● Exercise objective:
For each line below that holds "Lengths", return the line as it stands.

Data records:
################
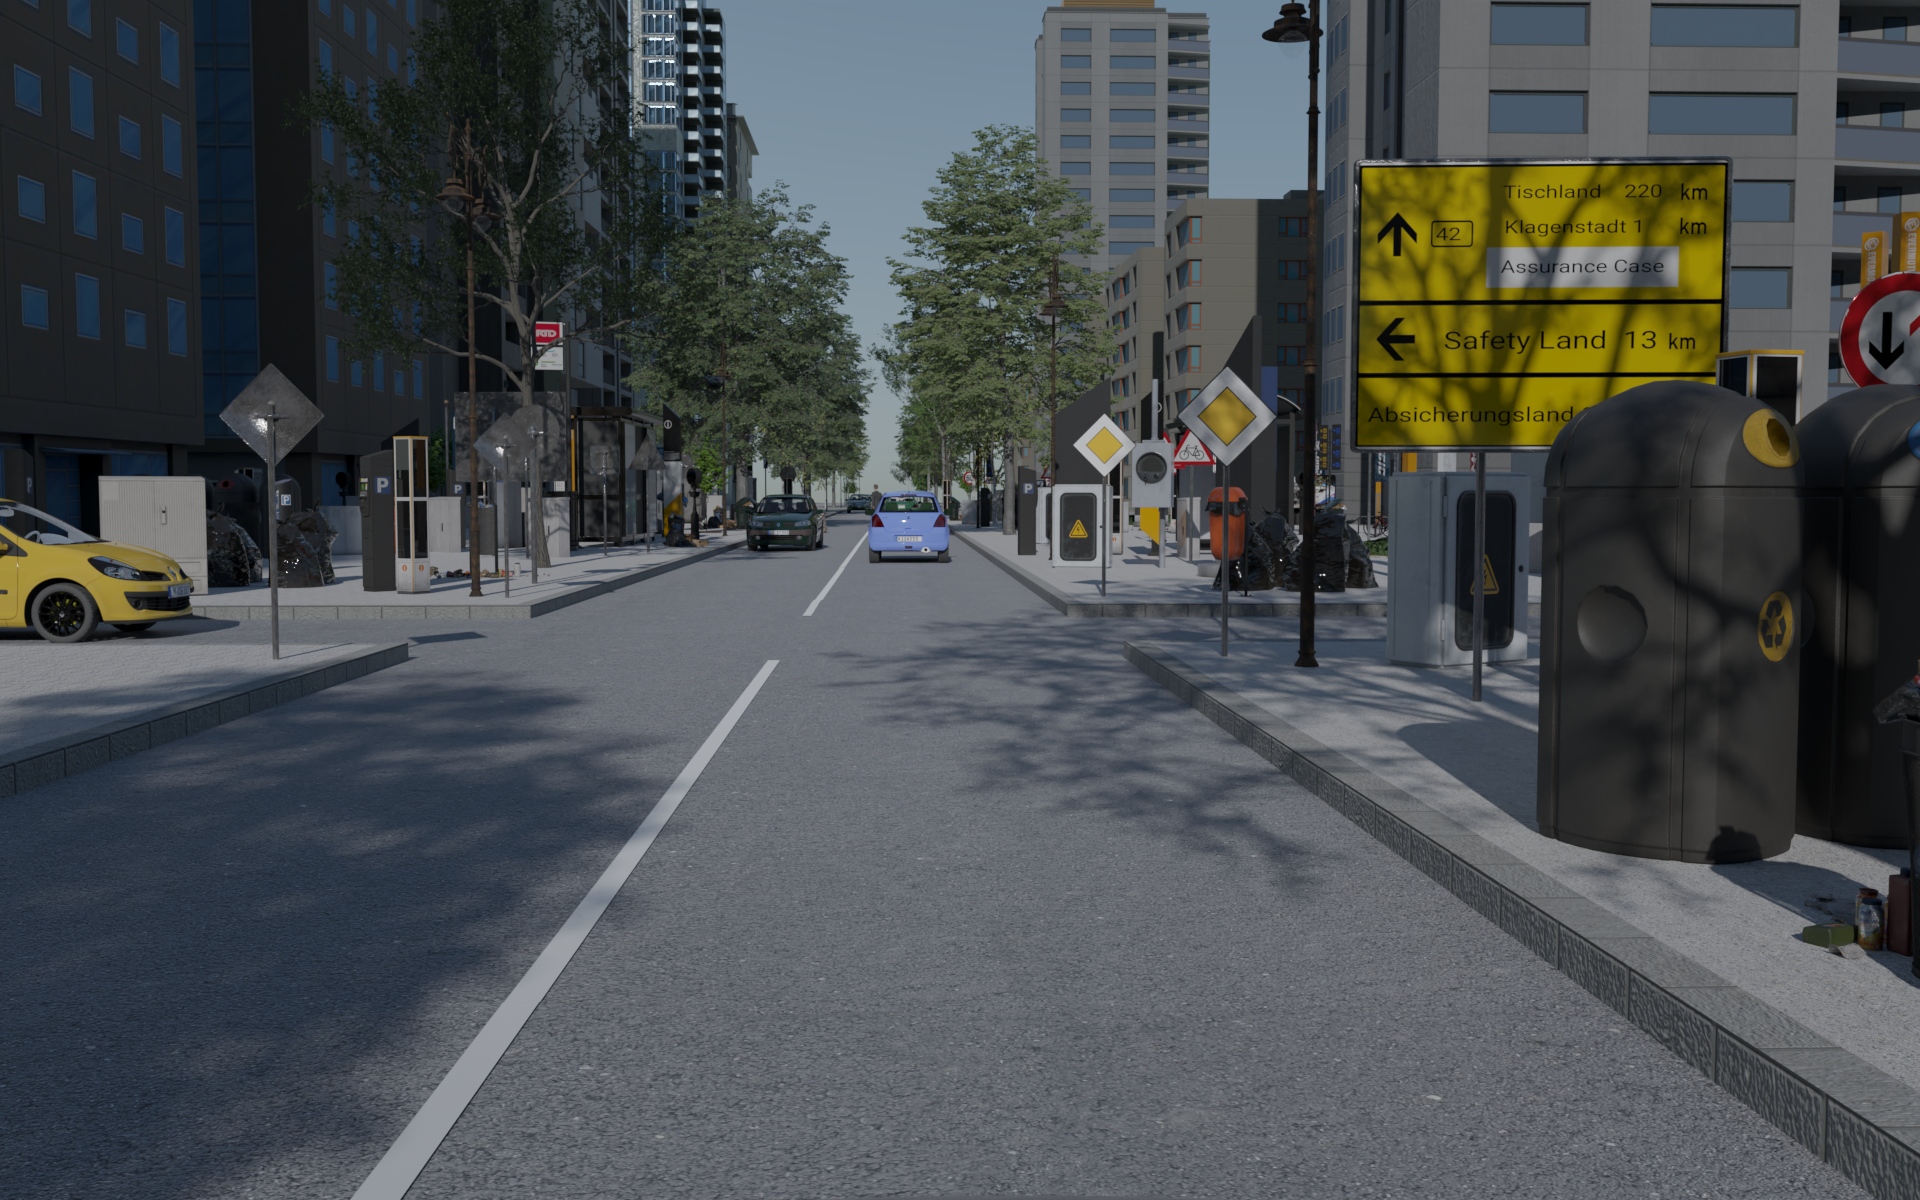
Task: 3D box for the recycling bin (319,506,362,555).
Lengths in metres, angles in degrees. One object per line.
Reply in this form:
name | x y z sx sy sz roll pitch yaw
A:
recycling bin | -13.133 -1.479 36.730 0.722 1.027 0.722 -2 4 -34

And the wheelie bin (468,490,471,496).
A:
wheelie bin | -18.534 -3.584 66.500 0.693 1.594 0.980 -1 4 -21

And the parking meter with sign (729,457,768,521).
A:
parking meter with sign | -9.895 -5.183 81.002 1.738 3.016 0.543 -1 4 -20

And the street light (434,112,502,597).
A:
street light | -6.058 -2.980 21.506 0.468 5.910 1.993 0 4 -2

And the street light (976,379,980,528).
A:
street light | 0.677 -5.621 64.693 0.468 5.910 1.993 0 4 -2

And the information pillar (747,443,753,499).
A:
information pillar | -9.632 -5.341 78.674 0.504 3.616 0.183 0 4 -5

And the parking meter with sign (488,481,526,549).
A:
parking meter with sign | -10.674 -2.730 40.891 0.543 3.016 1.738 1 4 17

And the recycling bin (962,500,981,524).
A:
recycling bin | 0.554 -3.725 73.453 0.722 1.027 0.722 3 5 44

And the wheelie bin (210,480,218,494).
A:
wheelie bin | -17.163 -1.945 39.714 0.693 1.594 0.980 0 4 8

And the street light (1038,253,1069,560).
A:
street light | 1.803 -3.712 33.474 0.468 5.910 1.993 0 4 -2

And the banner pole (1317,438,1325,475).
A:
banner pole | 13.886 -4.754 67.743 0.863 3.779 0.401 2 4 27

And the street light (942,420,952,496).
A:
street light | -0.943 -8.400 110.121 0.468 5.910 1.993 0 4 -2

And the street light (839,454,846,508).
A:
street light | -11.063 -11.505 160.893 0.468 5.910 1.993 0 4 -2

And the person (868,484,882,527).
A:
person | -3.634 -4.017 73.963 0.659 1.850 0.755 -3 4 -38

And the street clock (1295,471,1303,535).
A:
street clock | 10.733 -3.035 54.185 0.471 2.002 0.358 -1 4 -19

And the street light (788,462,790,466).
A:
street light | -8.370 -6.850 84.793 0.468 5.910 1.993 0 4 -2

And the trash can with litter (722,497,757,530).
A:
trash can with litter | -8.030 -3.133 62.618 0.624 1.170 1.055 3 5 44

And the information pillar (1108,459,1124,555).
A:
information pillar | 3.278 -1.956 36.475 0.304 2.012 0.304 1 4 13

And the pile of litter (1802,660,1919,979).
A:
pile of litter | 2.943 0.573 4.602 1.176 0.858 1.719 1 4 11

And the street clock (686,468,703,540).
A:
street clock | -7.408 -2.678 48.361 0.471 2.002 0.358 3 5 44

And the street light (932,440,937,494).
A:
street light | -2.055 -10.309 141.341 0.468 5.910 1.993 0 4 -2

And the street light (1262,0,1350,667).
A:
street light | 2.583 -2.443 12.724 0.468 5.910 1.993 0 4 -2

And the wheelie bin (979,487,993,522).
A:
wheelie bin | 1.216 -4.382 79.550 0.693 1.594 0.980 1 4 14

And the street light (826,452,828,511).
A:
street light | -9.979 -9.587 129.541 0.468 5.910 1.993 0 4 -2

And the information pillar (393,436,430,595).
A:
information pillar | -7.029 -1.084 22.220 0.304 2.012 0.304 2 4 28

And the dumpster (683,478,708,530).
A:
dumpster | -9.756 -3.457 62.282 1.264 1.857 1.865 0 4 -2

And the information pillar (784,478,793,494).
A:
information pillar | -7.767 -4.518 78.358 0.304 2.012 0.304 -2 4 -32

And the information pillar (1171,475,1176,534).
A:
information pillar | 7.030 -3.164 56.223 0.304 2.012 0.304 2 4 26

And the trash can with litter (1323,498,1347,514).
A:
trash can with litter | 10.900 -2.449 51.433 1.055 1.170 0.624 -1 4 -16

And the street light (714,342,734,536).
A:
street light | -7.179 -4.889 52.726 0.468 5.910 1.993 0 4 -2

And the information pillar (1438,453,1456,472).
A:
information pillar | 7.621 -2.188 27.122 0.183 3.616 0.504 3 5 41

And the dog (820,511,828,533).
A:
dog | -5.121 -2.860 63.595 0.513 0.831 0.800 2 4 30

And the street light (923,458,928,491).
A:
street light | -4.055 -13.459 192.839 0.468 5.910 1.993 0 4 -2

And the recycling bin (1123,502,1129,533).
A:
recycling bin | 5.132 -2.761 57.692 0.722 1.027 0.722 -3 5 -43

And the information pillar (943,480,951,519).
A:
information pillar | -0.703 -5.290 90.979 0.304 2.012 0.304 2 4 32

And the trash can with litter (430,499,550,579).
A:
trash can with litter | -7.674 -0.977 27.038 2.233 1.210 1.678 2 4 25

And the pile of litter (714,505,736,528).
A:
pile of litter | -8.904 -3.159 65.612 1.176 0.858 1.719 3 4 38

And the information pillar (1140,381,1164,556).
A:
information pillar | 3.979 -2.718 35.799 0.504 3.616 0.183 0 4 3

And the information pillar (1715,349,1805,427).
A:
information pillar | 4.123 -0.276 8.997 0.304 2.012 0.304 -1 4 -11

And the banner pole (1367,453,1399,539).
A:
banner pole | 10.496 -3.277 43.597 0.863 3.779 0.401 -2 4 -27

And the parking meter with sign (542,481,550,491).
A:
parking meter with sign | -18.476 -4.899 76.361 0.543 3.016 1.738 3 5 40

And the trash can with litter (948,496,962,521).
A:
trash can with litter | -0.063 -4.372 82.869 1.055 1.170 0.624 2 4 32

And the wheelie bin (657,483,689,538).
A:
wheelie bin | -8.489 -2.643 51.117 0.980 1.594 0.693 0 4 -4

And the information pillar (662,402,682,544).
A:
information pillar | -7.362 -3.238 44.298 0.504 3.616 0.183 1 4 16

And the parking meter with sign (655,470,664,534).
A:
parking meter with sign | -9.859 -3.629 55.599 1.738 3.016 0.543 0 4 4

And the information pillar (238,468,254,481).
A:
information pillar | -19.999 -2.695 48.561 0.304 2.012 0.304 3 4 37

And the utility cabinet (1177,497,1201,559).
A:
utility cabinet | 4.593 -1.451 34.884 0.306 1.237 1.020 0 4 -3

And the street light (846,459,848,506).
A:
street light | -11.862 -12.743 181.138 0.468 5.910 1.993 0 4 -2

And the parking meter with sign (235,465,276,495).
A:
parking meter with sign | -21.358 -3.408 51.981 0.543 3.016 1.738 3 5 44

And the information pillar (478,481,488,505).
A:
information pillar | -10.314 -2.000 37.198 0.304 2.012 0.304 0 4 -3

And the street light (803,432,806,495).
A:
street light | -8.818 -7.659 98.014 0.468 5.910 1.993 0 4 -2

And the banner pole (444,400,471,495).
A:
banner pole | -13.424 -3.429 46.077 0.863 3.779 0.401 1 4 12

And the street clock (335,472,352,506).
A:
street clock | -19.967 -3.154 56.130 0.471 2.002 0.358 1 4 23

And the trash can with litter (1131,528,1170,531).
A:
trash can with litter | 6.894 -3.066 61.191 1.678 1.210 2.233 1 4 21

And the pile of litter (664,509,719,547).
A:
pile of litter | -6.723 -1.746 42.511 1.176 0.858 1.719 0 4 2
################
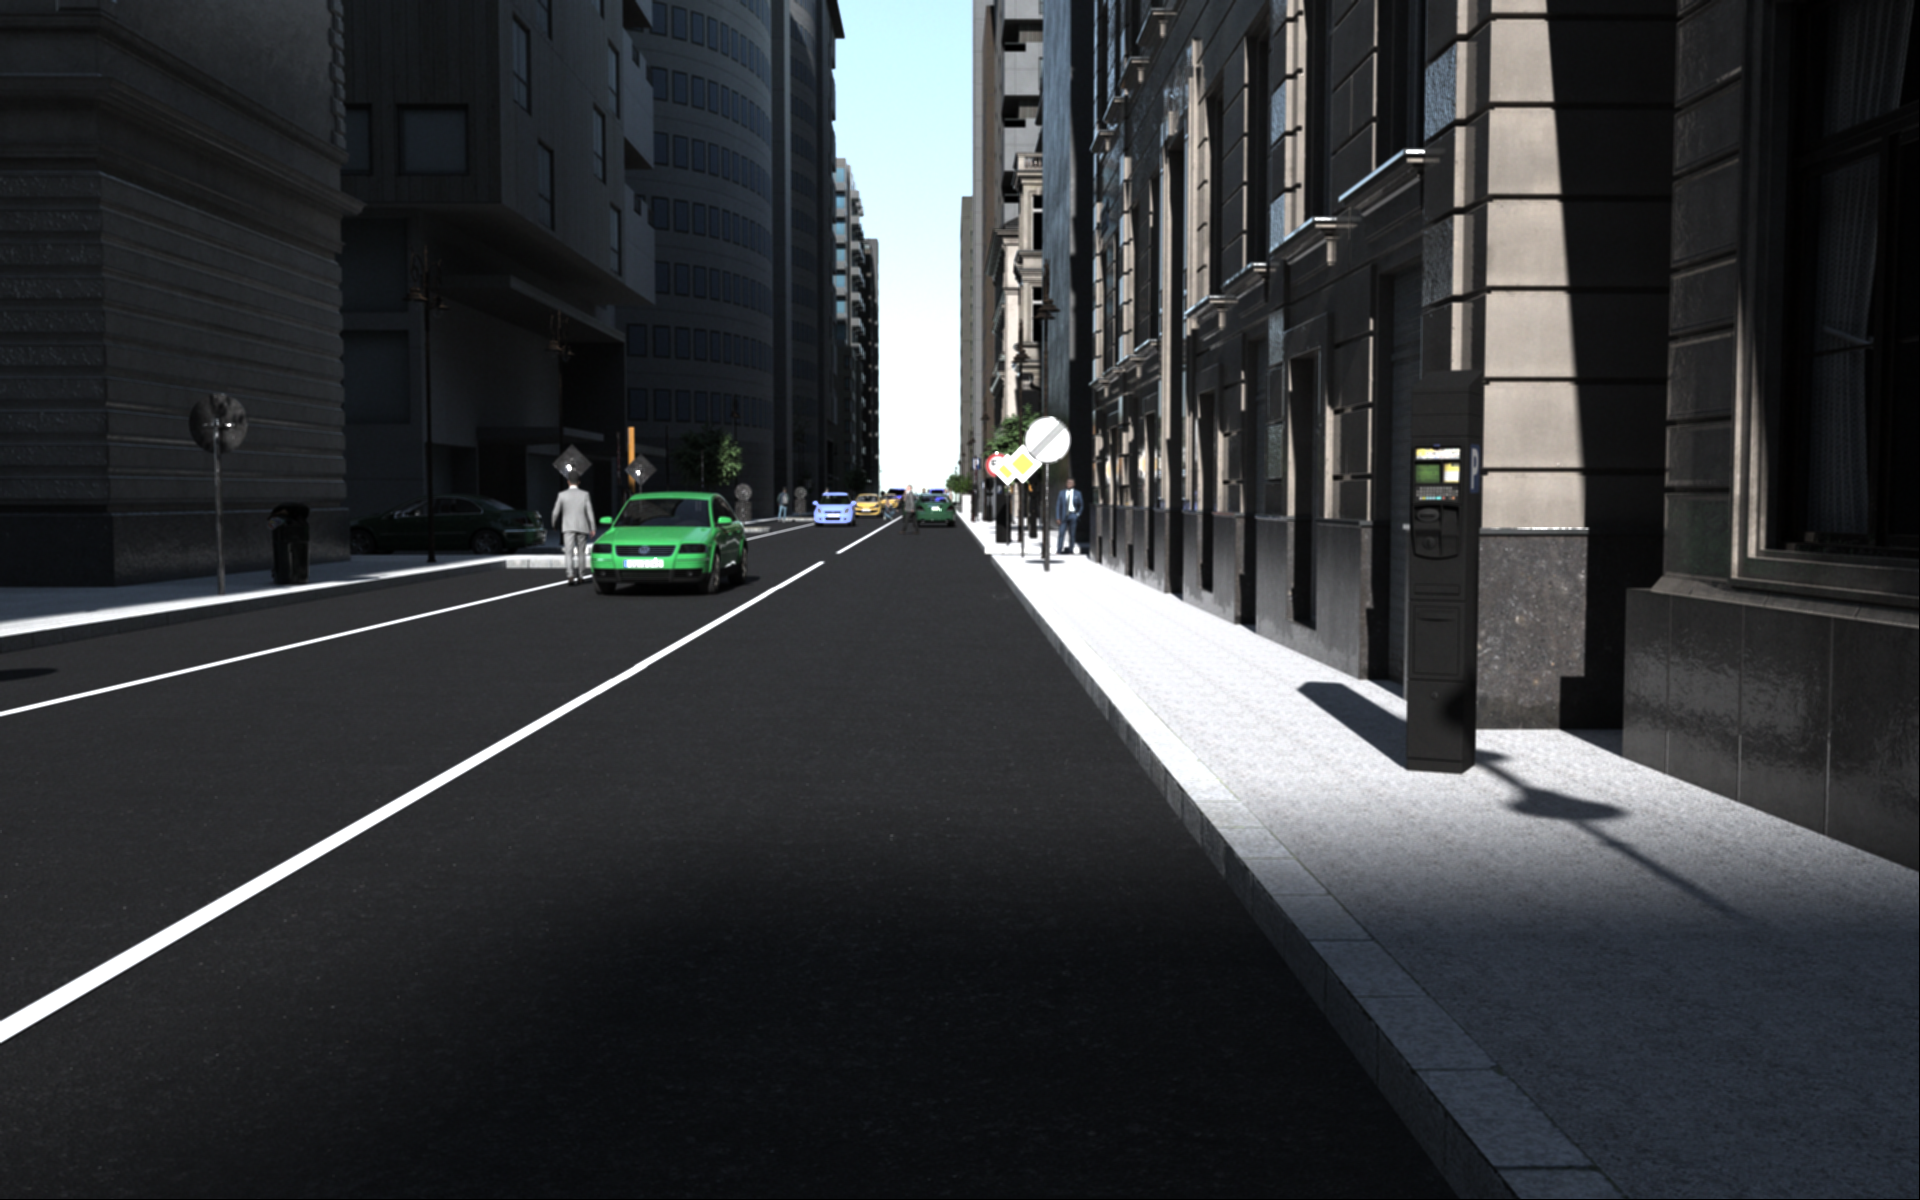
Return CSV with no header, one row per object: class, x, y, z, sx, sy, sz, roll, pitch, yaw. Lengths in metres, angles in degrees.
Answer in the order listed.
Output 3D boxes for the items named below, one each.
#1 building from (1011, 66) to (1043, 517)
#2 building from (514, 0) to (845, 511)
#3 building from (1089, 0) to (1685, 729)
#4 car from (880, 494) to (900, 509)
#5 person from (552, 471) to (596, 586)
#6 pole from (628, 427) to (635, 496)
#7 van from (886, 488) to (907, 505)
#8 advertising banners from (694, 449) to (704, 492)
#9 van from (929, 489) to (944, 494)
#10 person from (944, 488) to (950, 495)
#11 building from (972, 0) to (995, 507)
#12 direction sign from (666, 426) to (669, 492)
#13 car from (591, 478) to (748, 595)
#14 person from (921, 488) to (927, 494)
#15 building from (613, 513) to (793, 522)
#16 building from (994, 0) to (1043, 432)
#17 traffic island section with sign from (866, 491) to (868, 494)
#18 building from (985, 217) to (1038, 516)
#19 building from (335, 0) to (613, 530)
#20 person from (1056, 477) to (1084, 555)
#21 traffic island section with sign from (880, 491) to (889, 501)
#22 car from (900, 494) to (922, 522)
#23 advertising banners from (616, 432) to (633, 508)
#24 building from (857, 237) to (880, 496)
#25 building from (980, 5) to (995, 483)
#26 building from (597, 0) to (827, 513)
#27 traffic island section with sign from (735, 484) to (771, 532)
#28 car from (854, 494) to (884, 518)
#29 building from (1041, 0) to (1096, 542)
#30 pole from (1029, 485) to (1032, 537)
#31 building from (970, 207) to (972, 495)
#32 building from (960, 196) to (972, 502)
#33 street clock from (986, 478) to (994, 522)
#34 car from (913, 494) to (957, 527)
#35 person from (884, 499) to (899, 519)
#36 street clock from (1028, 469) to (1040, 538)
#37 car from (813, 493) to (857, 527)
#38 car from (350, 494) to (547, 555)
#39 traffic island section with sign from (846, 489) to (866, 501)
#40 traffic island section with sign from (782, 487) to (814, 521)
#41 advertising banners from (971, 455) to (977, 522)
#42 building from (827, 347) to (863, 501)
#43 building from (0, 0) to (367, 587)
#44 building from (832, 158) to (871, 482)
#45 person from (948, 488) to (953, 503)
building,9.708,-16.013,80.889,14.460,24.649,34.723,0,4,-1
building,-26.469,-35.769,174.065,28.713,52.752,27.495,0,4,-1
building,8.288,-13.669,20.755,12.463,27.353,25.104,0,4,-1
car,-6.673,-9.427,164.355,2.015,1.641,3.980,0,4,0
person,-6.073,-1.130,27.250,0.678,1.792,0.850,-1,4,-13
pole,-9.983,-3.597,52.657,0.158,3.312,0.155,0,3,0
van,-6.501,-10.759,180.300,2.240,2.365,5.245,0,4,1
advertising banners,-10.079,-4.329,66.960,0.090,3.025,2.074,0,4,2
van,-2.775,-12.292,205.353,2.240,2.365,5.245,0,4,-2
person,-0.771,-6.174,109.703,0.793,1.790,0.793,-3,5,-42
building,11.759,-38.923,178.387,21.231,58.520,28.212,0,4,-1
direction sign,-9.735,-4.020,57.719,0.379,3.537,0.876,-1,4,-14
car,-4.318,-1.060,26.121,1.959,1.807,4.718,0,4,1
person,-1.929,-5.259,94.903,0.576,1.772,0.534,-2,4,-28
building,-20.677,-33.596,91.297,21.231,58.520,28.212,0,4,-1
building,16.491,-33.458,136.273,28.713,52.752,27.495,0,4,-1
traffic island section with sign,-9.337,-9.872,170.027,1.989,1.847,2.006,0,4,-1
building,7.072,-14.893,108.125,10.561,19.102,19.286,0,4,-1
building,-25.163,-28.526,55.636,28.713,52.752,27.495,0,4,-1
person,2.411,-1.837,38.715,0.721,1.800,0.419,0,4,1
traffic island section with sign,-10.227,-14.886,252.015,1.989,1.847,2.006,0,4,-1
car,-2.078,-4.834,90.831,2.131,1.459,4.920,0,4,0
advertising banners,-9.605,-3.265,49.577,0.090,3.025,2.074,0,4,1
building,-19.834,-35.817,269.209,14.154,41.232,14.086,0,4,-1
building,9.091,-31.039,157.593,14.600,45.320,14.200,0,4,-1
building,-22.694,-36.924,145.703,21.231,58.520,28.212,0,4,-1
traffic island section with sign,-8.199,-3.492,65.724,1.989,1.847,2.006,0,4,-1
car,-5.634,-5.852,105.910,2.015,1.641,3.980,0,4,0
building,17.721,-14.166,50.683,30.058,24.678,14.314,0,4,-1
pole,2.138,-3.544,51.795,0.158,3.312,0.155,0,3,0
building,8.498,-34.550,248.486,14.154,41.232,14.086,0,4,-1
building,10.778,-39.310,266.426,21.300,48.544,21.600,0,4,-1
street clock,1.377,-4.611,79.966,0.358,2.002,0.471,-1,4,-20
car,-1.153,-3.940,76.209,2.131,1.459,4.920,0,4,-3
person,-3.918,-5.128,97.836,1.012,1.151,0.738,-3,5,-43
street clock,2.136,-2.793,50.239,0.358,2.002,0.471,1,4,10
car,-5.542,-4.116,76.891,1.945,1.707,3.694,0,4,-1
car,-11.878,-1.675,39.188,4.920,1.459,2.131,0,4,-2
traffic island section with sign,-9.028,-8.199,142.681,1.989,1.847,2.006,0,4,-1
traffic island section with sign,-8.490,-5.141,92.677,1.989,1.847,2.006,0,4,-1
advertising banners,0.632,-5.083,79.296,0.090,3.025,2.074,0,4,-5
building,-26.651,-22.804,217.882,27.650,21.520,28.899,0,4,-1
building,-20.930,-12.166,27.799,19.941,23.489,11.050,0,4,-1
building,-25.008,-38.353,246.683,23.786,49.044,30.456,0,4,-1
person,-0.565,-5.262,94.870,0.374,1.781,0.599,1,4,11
################
● Answer below:
Lengths in metres, angles in degrees. One object per line.
Return CSV with no header, one row per object: class, x, y, z, sx, sy, sz, roll, pitch, yaw. Lengths in metres, angles in degrees.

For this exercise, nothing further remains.